**What you will do:** Please reproduce exactly the line that carries "- ballet flat [421,219,508,440]" and all remaining lines through the last line of the data, and write nothing else.

**Record set:**

*** Block opens ***

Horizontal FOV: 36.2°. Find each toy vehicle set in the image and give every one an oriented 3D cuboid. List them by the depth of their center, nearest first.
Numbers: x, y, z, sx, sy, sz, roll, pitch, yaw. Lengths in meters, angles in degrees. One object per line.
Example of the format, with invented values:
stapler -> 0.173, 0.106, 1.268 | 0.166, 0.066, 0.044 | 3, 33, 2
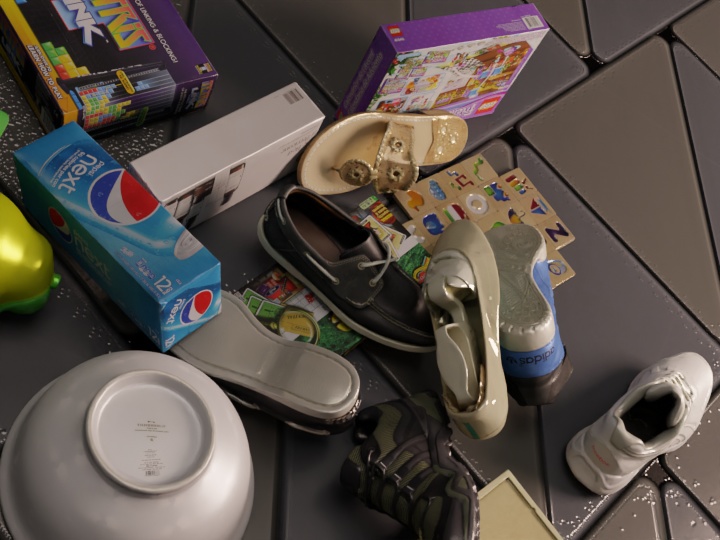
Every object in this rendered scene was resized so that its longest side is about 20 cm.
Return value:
toy vehicle set -> 0.091, 0.263, 0.889 | 0.199, 0.027, 0.125 | -28, 72, -36

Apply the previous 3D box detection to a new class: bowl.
bowl -> -0.164, 0.136, 0.821 | 0.198, 0.091, 0.204 | 12, 53, -16

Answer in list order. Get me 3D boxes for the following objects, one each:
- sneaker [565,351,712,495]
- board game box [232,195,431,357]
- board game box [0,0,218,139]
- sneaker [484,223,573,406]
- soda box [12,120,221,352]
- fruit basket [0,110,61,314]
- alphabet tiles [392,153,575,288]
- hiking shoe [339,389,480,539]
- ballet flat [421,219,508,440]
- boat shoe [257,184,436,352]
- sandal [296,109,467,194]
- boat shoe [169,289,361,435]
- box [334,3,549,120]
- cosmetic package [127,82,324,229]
sneaker -> 0.280, 0.129, 1.019 | 0.078, 0.100, 0.199 | 47, 52, 12
board game box -> -0.020, 0.016, 1.008 | 0.105, 0.024, 0.199 | 47, 54, 8
board game box -> -0.255, -0.225, 1.047 | 0.164, 0.057, 0.201 | -23, 70, -33
sneaker -> 0.151, 0.045, 1.037 | 0.075, 0.113, 0.201 | -10, 31, 5
soda box -> -0.199, -0.031, 0.902 | 0.064, 0.068, 0.200 | -35, 64, -29
fruit basket -> -0.339, -0.036, 0.852 | 0.215, 0.153, 0.220 | 28, 58, -57
alphabet tiles -> 0.127, -0.035, 1.122 | 0.198, 0.006, 0.167 | -26, 72, -35
hiking shoe -> 0.035, 0.179, 0.880 | 0.099, 0.077, 0.201 | -7, 31, -7
ballet flat -> 0.084, 0.041, 0.930 | 0.068, 0.070, 0.203 | 3, 63, -22
boat shoe -> 0.000, 0.000, 0.971 | 0.199, 0.068, 0.072 | 37, 52, -3
sandal -> 0.041, -0.113, 1.079 | 0.210, 0.079, 0.069 | -18, 34, -37
boat shoe -> -0.089, 0.075, 0.913 | 0.197, 0.061, 0.074 | 21, 58, 13
box -> 0.083, -0.203, 1.132 | 0.198, 0.137, 0.039 | -15, 65, -32
cosmetic package -> -0.125, -0.094, 1.001 | 0.199, 0.083, 0.051 | -34, 77, -36

*** Block closes ***

**Result:**
- ballet flat [421,219,508,440]
- boat shoe [257,184,436,352]
- sandal [296,109,467,194]
- boat shoe [169,289,361,435]
- box [334,3,549,120]
- cosmetic package [127,82,324,229]
sneaker -> 0.280, 0.129, 1.019 | 0.078, 0.100, 0.199 | 47, 52, 12
board game box -> -0.020, 0.016, 1.008 | 0.105, 0.024, 0.199 | 47, 54, 8
board game box -> -0.255, -0.225, 1.047 | 0.164, 0.057, 0.201 | -23, 70, -33
sneaker -> 0.151, 0.045, 1.037 | 0.075, 0.113, 0.201 | -10, 31, 5
soda box -> -0.199, -0.031, 0.902 | 0.064, 0.068, 0.200 | -35, 64, -29
fruit basket -> -0.339, -0.036, 0.852 | 0.215, 0.153, 0.220 | 28, 58, -57
alphabet tiles -> 0.127, -0.035, 1.122 | 0.198, 0.006, 0.167 | -26, 72, -35
hiking shoe -> 0.035, 0.179, 0.880 | 0.099, 0.077, 0.201 | -7, 31, -7
ballet flat -> 0.084, 0.041, 0.930 | 0.068, 0.070, 0.203 | 3, 63, -22
boat shoe -> 0.000, 0.000, 0.971 | 0.199, 0.068, 0.072 | 37, 52, -3
sandal -> 0.041, -0.113, 1.079 | 0.210, 0.079, 0.069 | -18, 34, -37
boat shoe -> -0.089, 0.075, 0.913 | 0.197, 0.061, 0.074 | 21, 58, 13
box -> 0.083, -0.203, 1.132 | 0.198, 0.137, 0.039 | -15, 65, -32
cosmetic package -> -0.125, -0.094, 1.001 | 0.199, 0.083, 0.051 | -34, 77, -36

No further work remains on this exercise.